Jeff Wittman

Profile
- Position: Fullback

Personal information
- Born: March 4, 1971 (age 54) Rochester, New York, U.S.
- Height: 6 ft 0 in (1.83 m)
- Weight: 210 lb (95 kg)

Career information
- High school: Gates Chili (NY)
- College: Ithaca (1989–1992)

Awards and highlights
- 3 × All-America first-team section (DIII); 1991 National champion (DIII);
- College Football Hall of Fame

= Jeff Wittman =

American football player (born 1971)

Jeffrey M. Wittman (born March 4, 1971) is an American high school teacher and former gridiron football fullback.

==Biography==
Wittman attended Gates Chili High School in Gates, New York, where he competed in football and wrestling. In football, he was a two-way player as a tailback and linebacker. While he expressed a desire to play in NCAA Division I, he went on to play college football at the NCAA Division III level. As a fullback for Ithaca College during the 1989–1992 seasons, Wittman was named a first-team All-American for Division III three times: 1990, 1991, and 1992. He was a member of the 1991 Ithaca Bombers football team that won the Division III championship, rushing for 159 yards and three touchdowns in the title game.

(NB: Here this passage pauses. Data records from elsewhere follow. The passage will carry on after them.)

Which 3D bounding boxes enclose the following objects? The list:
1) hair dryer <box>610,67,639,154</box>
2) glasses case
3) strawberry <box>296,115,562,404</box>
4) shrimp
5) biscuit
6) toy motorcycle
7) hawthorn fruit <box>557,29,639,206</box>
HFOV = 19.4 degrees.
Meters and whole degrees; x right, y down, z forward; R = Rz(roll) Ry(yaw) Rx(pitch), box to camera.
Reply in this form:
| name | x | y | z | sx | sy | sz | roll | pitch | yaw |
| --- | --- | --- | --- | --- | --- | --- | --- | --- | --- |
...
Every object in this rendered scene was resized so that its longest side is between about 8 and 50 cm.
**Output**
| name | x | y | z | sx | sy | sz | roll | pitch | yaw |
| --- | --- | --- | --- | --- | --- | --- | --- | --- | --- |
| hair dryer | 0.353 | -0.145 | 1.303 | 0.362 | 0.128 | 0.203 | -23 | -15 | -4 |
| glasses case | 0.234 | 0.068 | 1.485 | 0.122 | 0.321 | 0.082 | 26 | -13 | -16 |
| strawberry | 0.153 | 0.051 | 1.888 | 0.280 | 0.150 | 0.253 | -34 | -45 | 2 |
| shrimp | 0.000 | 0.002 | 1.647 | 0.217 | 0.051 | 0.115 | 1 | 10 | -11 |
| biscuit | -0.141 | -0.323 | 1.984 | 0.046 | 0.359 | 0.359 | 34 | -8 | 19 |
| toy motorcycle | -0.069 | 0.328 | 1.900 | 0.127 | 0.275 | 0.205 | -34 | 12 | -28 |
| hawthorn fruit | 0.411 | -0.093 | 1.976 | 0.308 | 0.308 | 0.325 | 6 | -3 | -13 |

At the completion of his college career, Wittman held Ithaca records for touchdowns in a single season (19 in 1992), total points scored in a single season (114 in 1992), career rushing touchdowns (44), career touchdowns (45), career total points scored (270), and career rushing yards (3410); through the 2022 season, he continues to hold Ithaca records for most rushing yards in a single game (272 yards on November 14, 1992), average rushing yards-per-game for a season (134.3 in 1990), and career playoff points scored (68).

Following his collegiate career, Wittman became a teacher and coach within the Gates Chili Central School District in his hometown.

In 2001, Wittman was inducted to the athletic hall of fame at Ithaca College. In 2013, he was inducted into the College Football Hall of Fame. In 2014, he was inducted the athletic hall of fame at Gates Chili High School, and the walk of fame at Frontier Field in Rochester, New York. Wittman's college head coach was Jim Butterfield, also an inductee of the College Football Hall of Fame.